═════ Extracted data ═════

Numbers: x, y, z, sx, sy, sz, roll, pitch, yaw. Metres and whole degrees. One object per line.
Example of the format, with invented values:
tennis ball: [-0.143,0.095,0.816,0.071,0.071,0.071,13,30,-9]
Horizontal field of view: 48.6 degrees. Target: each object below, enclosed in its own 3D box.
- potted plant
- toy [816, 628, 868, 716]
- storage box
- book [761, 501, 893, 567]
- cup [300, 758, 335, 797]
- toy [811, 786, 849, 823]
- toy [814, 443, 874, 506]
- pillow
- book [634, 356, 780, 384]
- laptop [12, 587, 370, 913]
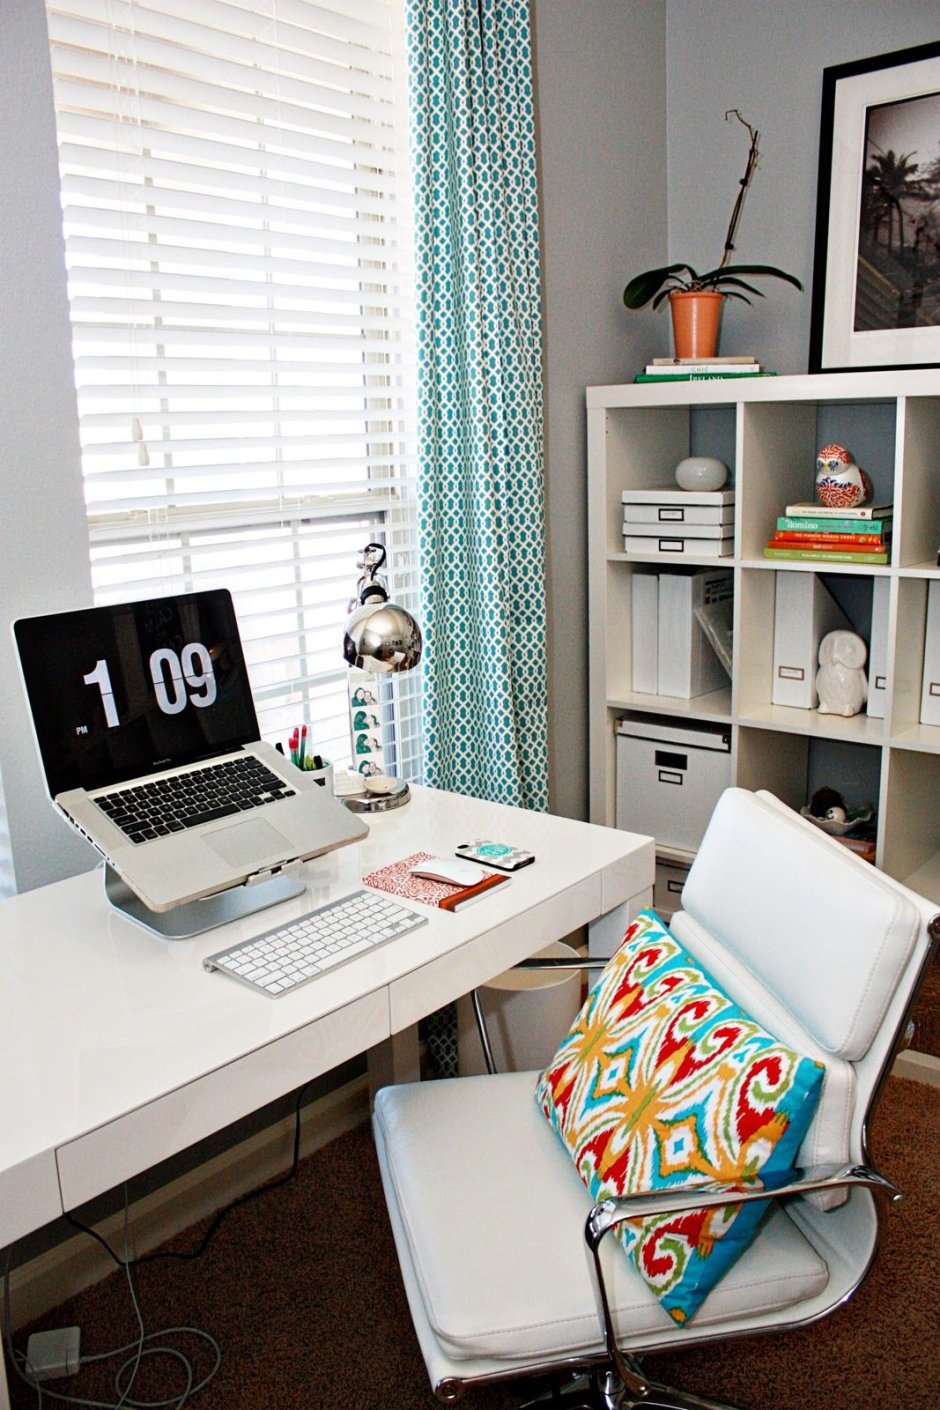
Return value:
potted plant: [0.577,-0.926,2.451,0.417,0.191,0.398,-17,19,-34]
toy: [0.857,-0.074,2.384,0.114,0.189,0.118,-8,15,-14]
storage box: [0.542,0.188,2.659,0.300,0.397,0.229,6,29,21]
book: [0.770,-0.363,2.241,0.250,0.119,0.134,5,13,17]
cup: [-0.247,0.122,1.726,0.054,0.051,0.061,1,6,15]
toy: [0.856,0.232,2.475,0.059,0.033,0.084,3,28,11]
toy: [0.818,-0.496,2.281,0.118,0.125,0.077,7,13,24]
pillow: [0.208,0.445,1.180,0.172,0.269,0.456,3,5,-14]
book: [0.531,-0.772,2.411,0.285,0.072,0.212,7,14,24]
laptop: [-0.371,0.068,1.513,0.446,0.459,0.406,32,34,33]

═════

Required work
Reproduce only what lies between the start of the listing above and the end of the line containing "- potted plant", keeping every line exact.

The completed task
Numbers: x, y, z, sx, sy, sz, roll, pitch, yaw. Metres and whole degrees. One object per line.
Example of the format, with invented values:
tennis ball: [-0.143,0.095,0.816,0.071,0.071,0.071,13,30,-9]
Horizontal field of view: 48.6 degrees. Target: each object below, enclosed in its own 3D box.
- potted plant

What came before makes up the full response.